I have downloaded the “Methylation_(1kb_upstream_TSS)_subsetted_NAsdropped.csv” file for a particular cell line and tried to open it in Excel. It shows up as continuous text and when I change text to columns (separated by comma), it does not look correctly formatted. Is there a way to have this data in two columns only, one with the gene/coordinates and the other with the methylation values? Moreover, which genome build was used for obtaining the coordinate positions of CpG sites?
Thanks a lot in advance.
No, today the portal doesn’t have the ability to format the file in that way.
If “Custom Downloads” doesn’t support the transform you want, you might find it easier to transform the file into the format you’d like starting with the original file which can be downloaded from the “Download Files” section: DepMap Data Downloads
Thanks a lot for your reply.
I have already downloaded the original file and formatted according to our needs. It is fine now.

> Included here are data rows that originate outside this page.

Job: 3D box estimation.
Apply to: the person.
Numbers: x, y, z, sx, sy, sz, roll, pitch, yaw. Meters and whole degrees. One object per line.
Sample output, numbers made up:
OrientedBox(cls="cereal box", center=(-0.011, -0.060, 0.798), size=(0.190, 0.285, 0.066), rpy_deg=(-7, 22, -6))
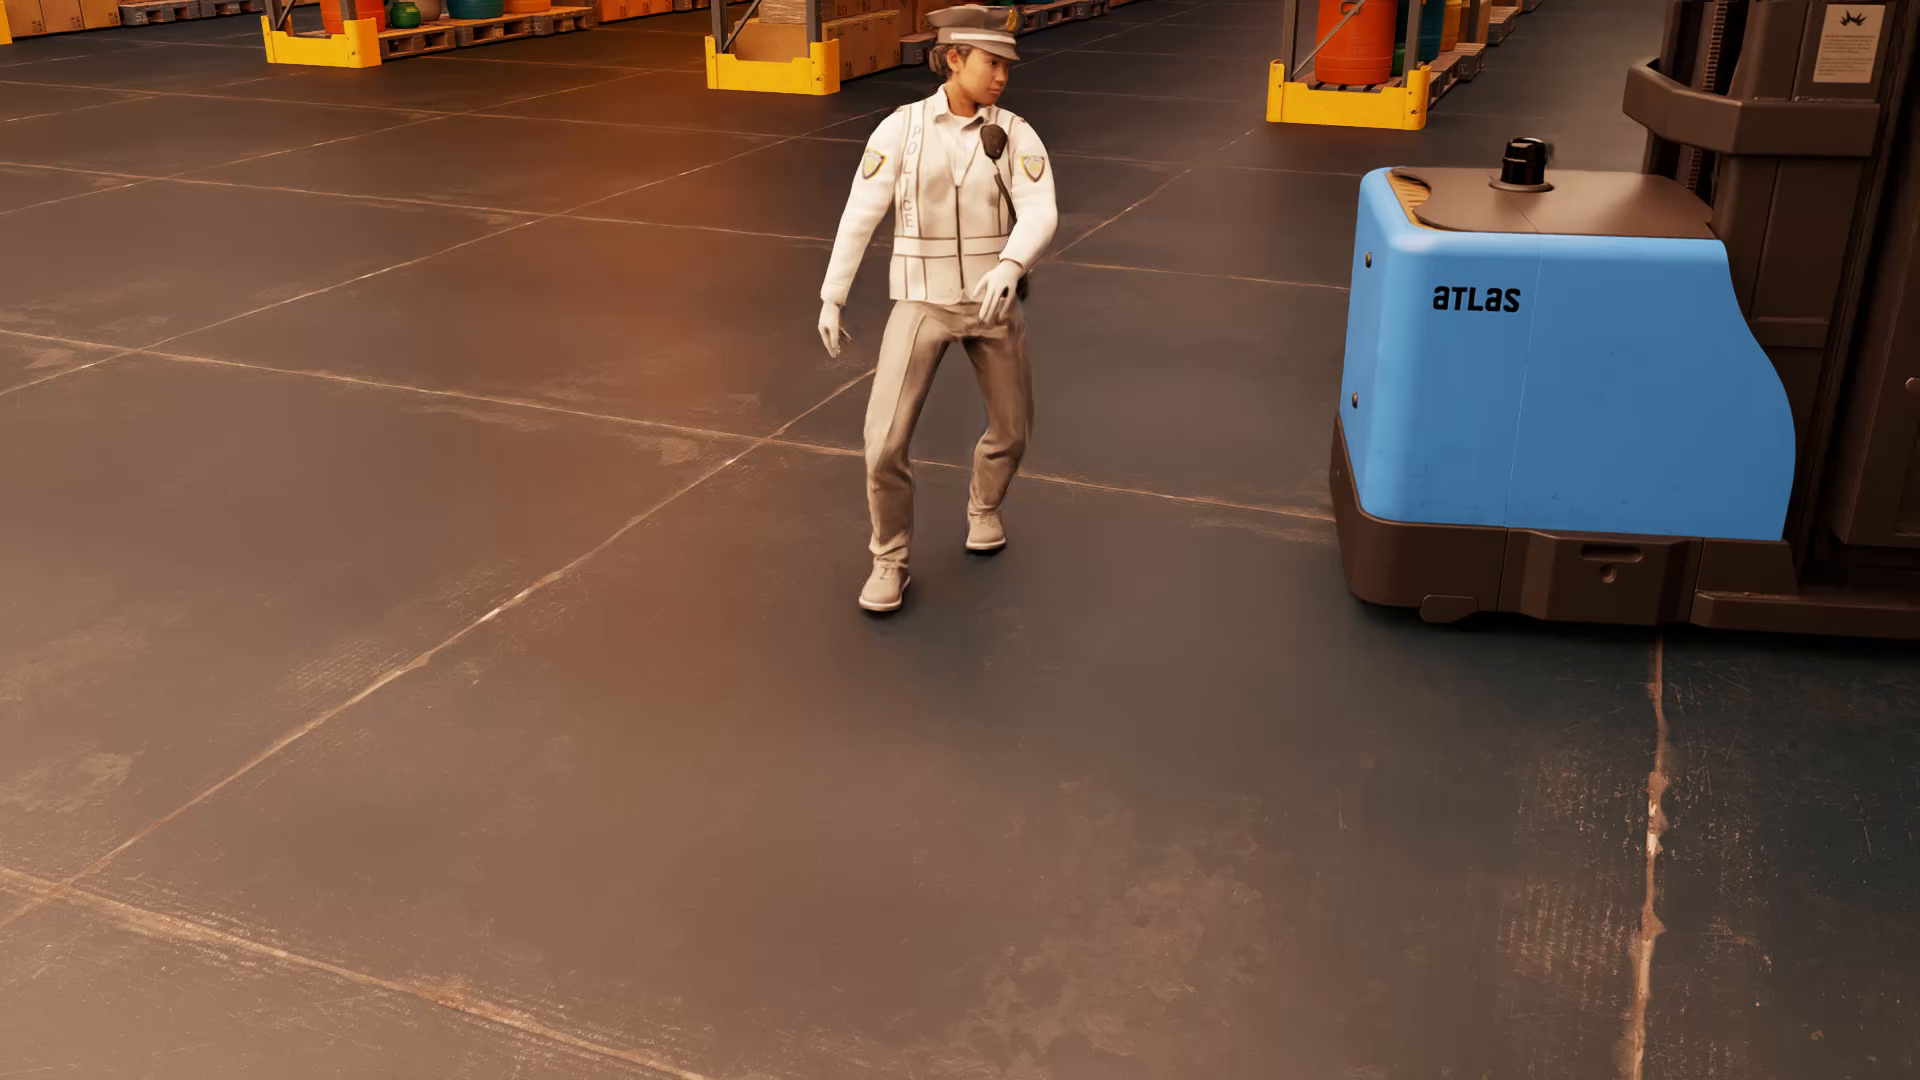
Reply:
OrientedBox(cls="person", center=(-0.062, -0.624, 4.539), size=(0.639, 1.584, 0.774), rpy_deg=(-5, 23, -11))

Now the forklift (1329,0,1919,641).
OrientedBox(cls="forklift", center=(2.631, -1.233, 4.241), size=(3.031, 2.935, 1.130), rpy_deg=(3, 23, 7))
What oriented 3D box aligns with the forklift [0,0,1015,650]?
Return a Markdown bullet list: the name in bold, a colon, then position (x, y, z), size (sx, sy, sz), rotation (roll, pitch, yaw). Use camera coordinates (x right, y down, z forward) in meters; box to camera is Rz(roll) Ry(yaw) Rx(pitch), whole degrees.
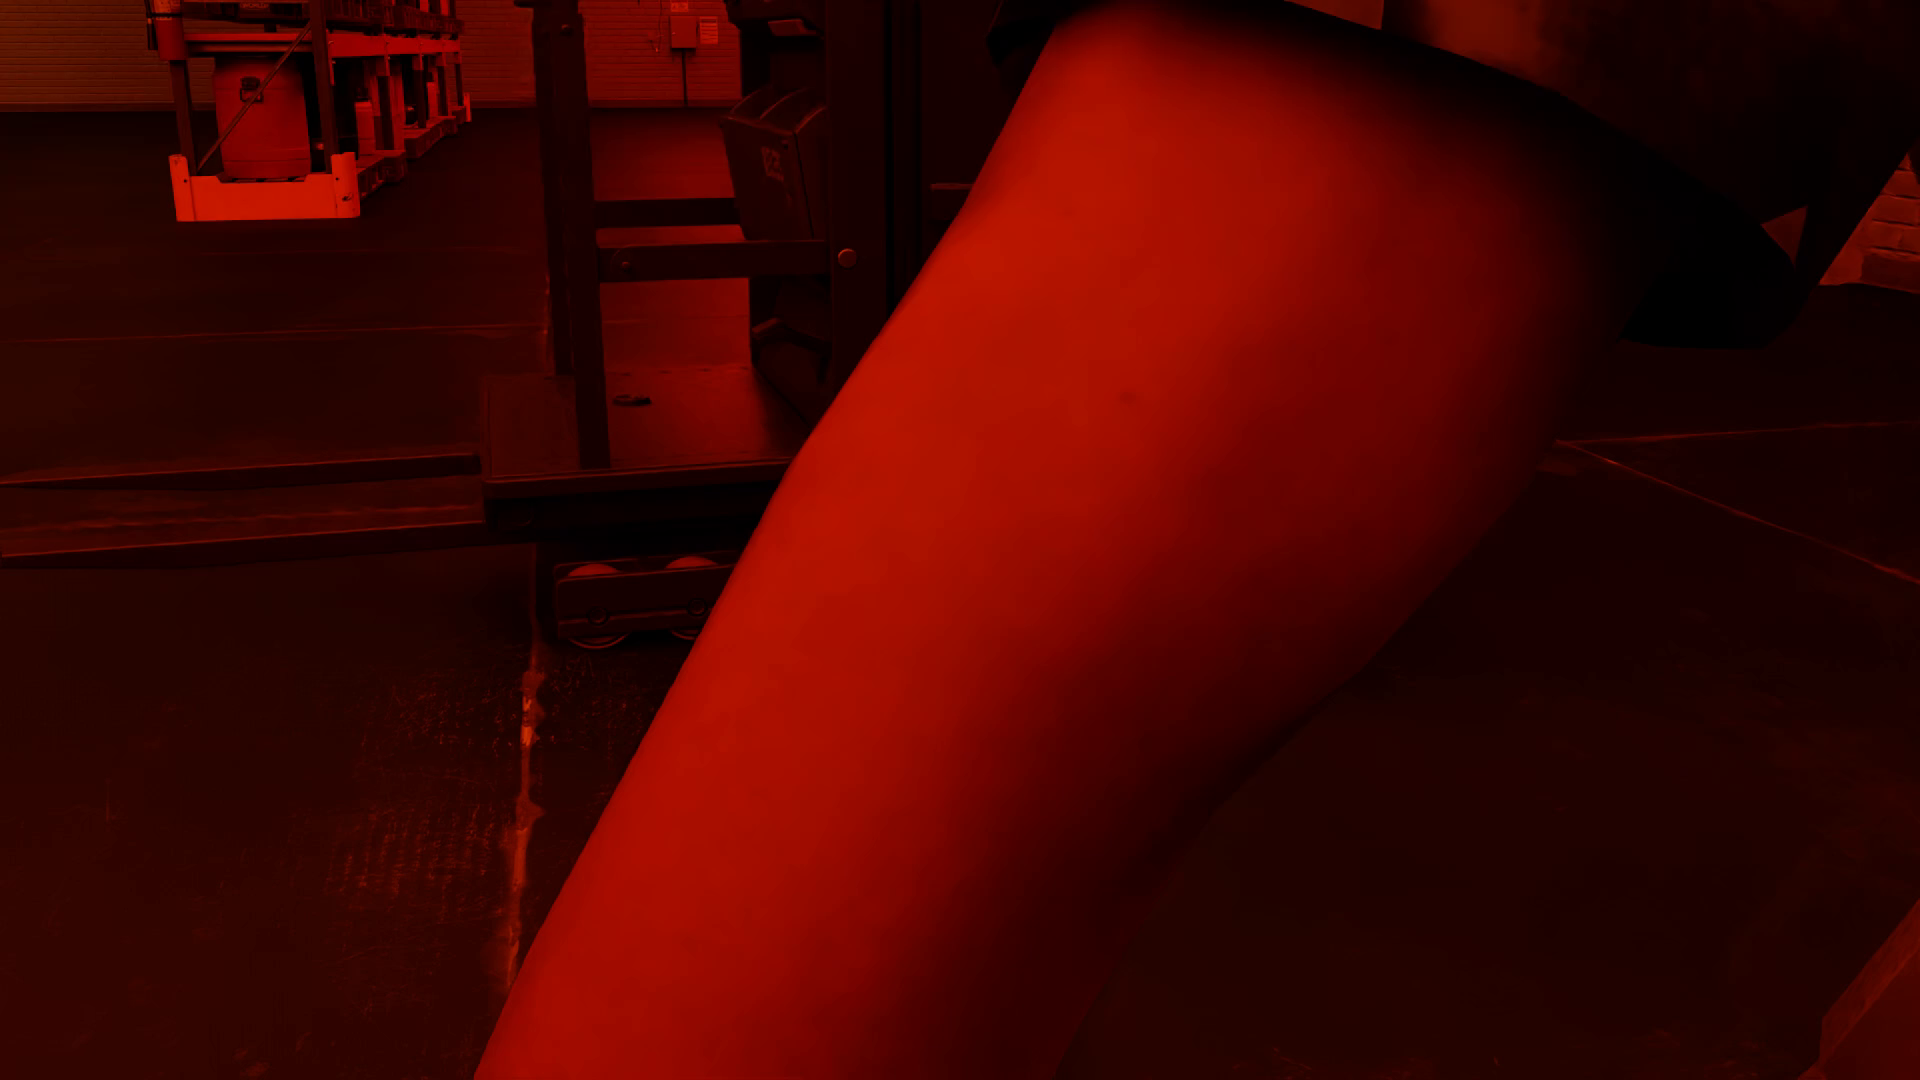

Could you please help to clarify one issue for me? Some coordinate entries in the original file (CCLE_RRBS_TSS1Kb_20181022.txt) have associated more than one CpG site at a time. The methylation frequency in these entries is the average of the methylation frequencies of those sites? Is there a paper that describes these datasets and how they were produced?
Thank you very much in advance.
I believe these data published as part of the paper Next-generation characterization of the Cancer Cell Line Encyclopedia | Nature and the generation of the data is described in the supplemental text.